It's tempting to launch into a "fans of the genre" preamble when it comes to Stretchmo, the latest in a series of block-pulling puzzle games for the 3DS. However, that would be selling it short. There's little risk that players who enjoyed Pushmo and Crashmo won't find more of the same appeal waiting for them here. Because it is "free-to-start," Stretchmo is even more approachable than either, making it a suitable starting point whether you have experience with the series or not.
"Free-to-start" is a wonderfully upfront term, but it doesn't suit any other game on the Nintendo 3DS eShop as well as it does Stretchmo. Let me clear something up right away: if you expect from Stretchmo a familiar free-to-play game structure with actions, timers, and assorted currencies that can be exchanged for one another, you will either be very disappointed or very relieved. The same can be said if you come to it after having played Pokemon Rumble World or Pokemon Shuffle, which were both released earlier this year under the same free-to-start banner. You are given access to seven tutorial levels in Stretchmo that explain the game's basic mechanics for free, but unlocking everything else requires a transaction. While you can happily spend hours plucking away at the content in Pokemon Rumble World and Pokemon Shuffle without paying a cent, Stretchmo is more like a supremely limited game demo by comparison--with only a few minutes of play time available, for that matter. You don't even have access to camera rotation in these early levels, a feature that becomes absolutely crucial in solving the more complicated puzzles that come later on. You can at least rewind, which comes in handy after accidentally (and inevitably) tumbling down from somewhere precarious.
These aren't necessarily bad things in this free-to-start venture. Stretchmo is much truer to the term "free-to-start" than some of the other games that share the descriptor, but expectations may need to be adjusted accordingly. Stretchmo is best thought of along the lines of the Picross e series--a relatively accessible puzzle game broken up into manageable chunks with even more manageable price tags attached to each one.
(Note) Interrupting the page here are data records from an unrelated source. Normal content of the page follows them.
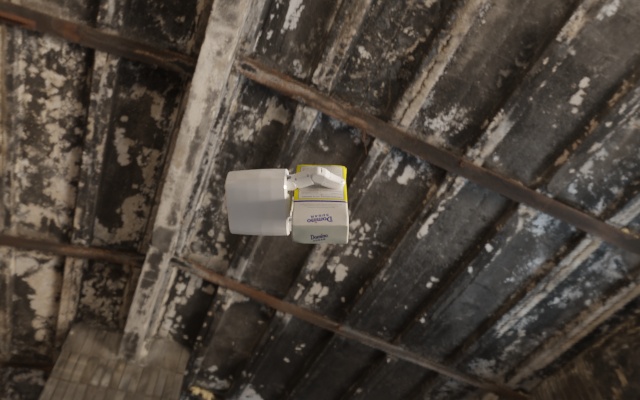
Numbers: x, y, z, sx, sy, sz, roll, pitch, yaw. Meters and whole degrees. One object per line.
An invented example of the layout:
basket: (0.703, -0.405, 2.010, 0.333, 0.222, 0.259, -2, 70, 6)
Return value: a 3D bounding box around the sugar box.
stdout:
sugar box: (0.000, 0.003, 0.831, 0.093, 0.048, 0.176, 1, 39, 1)
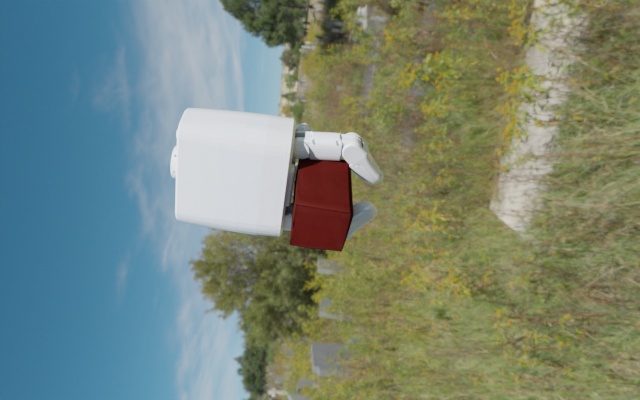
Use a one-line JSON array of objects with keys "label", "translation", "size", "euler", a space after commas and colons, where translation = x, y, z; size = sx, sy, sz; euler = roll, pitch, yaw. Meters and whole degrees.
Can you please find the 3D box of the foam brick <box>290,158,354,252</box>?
[{"label": "foam brick", "translation": [0.000, 0.002, 0.452], "size": [0.051, 0.053, 0.078], "euler": [8, 41, -6]}]
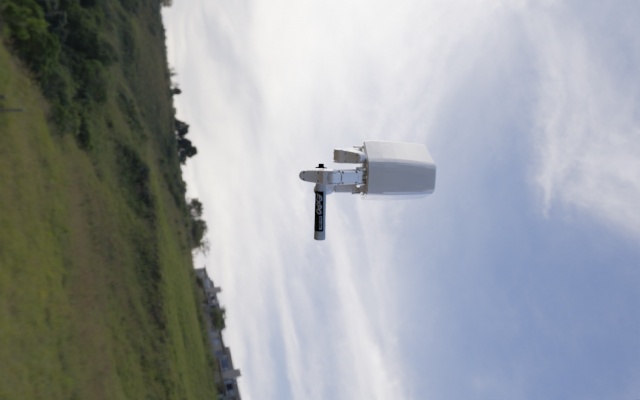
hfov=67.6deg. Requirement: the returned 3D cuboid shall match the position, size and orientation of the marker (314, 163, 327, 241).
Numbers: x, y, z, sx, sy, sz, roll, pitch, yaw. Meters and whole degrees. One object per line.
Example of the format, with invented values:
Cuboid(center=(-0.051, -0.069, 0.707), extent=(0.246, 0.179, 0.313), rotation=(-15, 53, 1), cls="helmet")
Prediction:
Cuboid(center=(0.000, 0.002, 0.745), extent=(0.020, 0.121, 0.020), rotation=(1, 12, 0), cls="marker")
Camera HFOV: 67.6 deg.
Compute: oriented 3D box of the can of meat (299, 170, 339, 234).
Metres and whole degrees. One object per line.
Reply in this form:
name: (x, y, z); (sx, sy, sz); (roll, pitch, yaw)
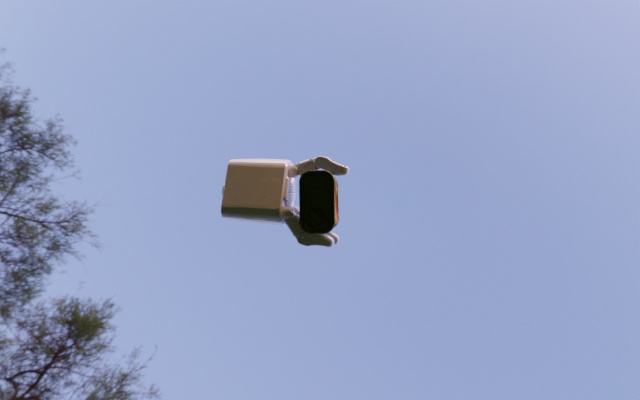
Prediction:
can of meat: (0.000, 0.003, 0.798); (0.057, 0.102, 0.084); (-1, 0, 8)
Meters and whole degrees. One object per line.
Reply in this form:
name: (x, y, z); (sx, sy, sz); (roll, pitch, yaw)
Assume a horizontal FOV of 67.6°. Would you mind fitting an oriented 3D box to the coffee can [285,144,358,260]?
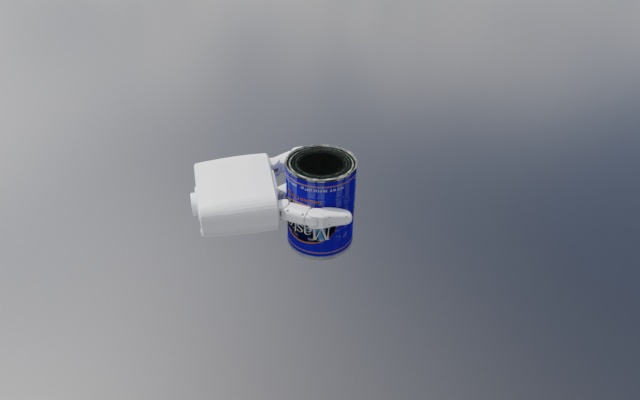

Pushmo, Crashmo, and Stretchmo (known in Europe as Pullblox, Fallblox, and Fullblox, respectively) are all about manipulating structures built from various Tetris-like blocks to reach a goal, and each game has changed the rules of this manipulation to stand on its own. As Stretchmo's name implies, the primary way of interacting with blocks is by stretching them from the front, back, or either side. A thoughtfully stretched block path allows you to climb up to the goal, whether it's a flag or a sickeningly cute little baby blob character that's been trapped. In the purchasable level packs, you're introduced to a variety of gadgets that have various effects when triggered; they may shoot a platform out, stretch a block in every direction, or provide you with a tunnel to get past an otherwise insurmountable obstacle. Most of these gadgets are drawn from previous games, and they add a little mechanical variety to keep things interesting.
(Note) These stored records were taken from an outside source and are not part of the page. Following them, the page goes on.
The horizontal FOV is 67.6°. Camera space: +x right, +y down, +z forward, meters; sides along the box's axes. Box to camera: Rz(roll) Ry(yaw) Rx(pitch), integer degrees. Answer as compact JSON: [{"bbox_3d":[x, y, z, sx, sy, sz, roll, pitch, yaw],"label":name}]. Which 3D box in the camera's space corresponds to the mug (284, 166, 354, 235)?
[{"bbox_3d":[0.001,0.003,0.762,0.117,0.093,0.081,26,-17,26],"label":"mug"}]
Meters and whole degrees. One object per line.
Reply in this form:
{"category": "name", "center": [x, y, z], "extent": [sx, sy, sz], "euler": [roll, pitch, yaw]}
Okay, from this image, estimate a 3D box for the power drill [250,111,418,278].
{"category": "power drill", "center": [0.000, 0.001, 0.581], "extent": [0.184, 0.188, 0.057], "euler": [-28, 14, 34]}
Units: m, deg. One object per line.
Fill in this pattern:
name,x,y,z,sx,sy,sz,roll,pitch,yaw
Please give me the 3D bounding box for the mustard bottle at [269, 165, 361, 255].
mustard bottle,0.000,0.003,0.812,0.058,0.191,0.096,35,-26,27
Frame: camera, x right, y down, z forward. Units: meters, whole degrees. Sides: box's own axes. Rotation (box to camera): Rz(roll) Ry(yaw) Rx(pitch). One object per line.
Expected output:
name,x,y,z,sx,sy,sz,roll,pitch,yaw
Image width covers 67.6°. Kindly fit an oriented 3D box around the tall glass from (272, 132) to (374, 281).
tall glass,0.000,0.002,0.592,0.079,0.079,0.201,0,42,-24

As for the level packs, the game encourages you to complete them in order as they increase in difficulty, but because each pack starts with a refresher on some of the most basic Stretchmo strategies, there's no reason for a confident player not to stray. Whether or not you're a veteran of the series, however, you'll ultimately find twists that appeal to you. For example, while the Mallo's Playtime Plaza level pack is very simple and straightforward, in Corin's Fortress of Fun, the gadgets you encounter primarily release enemies who are used to climb to the goal and that can attack you and send you back to the start of the level. It's much more action-oriented than the other areas of the game, and it provides a good challenge, not to mention a good change of pace.
When you run out of puzzles, you always have the option to create a few levels of their own or scan QR codes to load user-made levels. The downside of this system can be finding those QR codes in the first place--especially if you don't feel like wading through Miiverse comment after Miiverse comment about Stretchmo's pricing to find them. The lack of an online level gallery certainly doesn't help, especially given the fact that the WiiU's Pushmo World had one. It's a firm step backward in a game otherwise full of small (but respectable) steps forward.
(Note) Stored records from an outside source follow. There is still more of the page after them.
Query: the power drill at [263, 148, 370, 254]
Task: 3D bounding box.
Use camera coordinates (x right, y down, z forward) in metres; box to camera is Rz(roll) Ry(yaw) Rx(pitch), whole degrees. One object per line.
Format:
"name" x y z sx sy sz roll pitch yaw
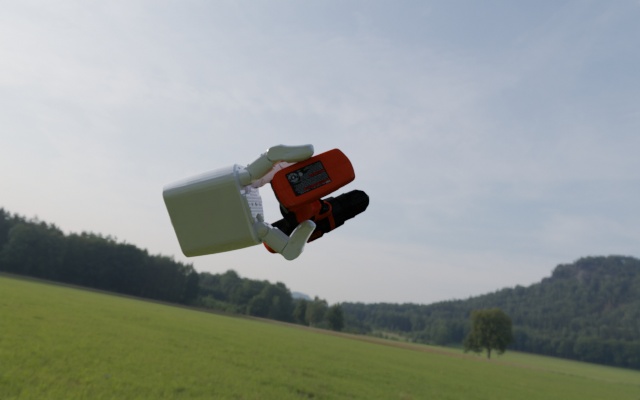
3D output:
"power drill" 0.000 0.002 0.687 0.184 0.057 0.188 -25 -22 -15
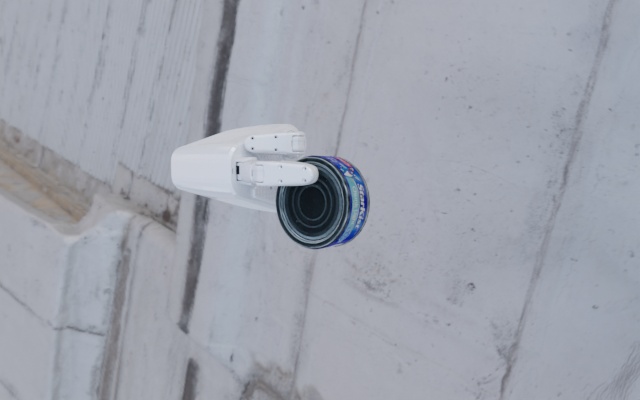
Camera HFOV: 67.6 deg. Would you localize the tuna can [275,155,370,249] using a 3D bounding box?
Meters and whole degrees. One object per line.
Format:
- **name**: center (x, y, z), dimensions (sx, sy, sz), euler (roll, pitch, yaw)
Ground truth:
- **tuna can**: center (0.000, 0.001, 0.438), dimensions (0.086, 0.086, 0.034), euler (0, 2, 36)
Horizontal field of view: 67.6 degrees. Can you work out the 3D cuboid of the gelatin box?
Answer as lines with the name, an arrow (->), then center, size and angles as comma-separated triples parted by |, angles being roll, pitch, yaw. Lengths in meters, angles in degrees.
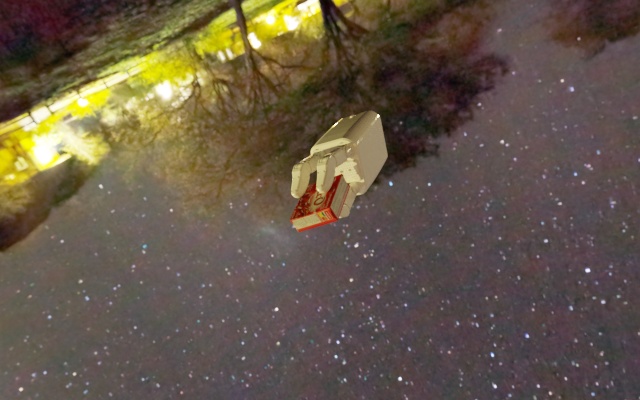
gelatin box -> 0.000, 0.003, 0.738 | 0.073, 0.030, 0.089 | -18, 31, 30
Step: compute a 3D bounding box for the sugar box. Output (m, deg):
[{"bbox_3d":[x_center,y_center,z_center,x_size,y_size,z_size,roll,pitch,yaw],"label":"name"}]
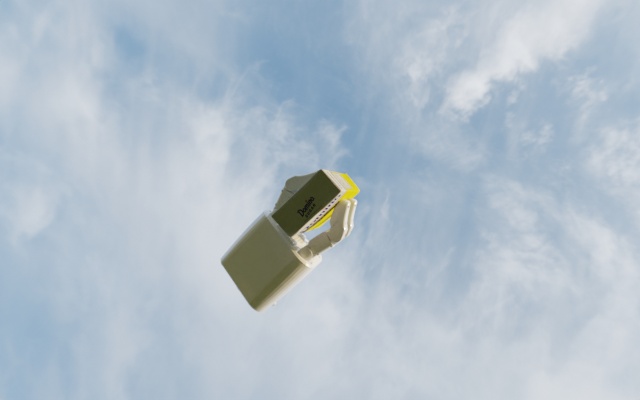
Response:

Stretchmo is as solid and endearing as the games that have come before it in the series; it's cute, colorful, and the perfect puzzle game to keep on your 3DS for dull commutes. It inherits all the best parts of Pushmo and Crashmo and bundles them up in a package (or rather, a series of packages) that is well suited to anyone, regardless of their series experience. Although it may not offer a groundbreaking change in the series, it distinguishes itself enough to be joyful in its own right.
This kind of material usually runs the risk of slipping into tired homages to Neuromancer seasoned with a dash of Blade Runner, but Technobabylon rejuvenates the formula by shifting the focus. Here, you spend much of your time in the guise of Doctor Regis, a member of the Central AI's police force that's sent out to handle all the things that need an actual body. He may have a penchant for covering monitoring cameras in his office, and he may dislike contemporary technology, but he's very much a part of the system. Still, the genre's tendencies toward loners and outsiders reveals itself here as well, although it's largely limited to Latha Sesame, who spends her sad days wired to a Matrix-like "Trance" while her crummy apartment and recycled paper clothes rot around her.
Much as in Game of Thrones, the story benefits from shifts in perspective between these and other characters. Knowing the truth about how a particular event played out, for instance, makes it all the more difficult to control the actions of a character who places the blame and motives elsewhere.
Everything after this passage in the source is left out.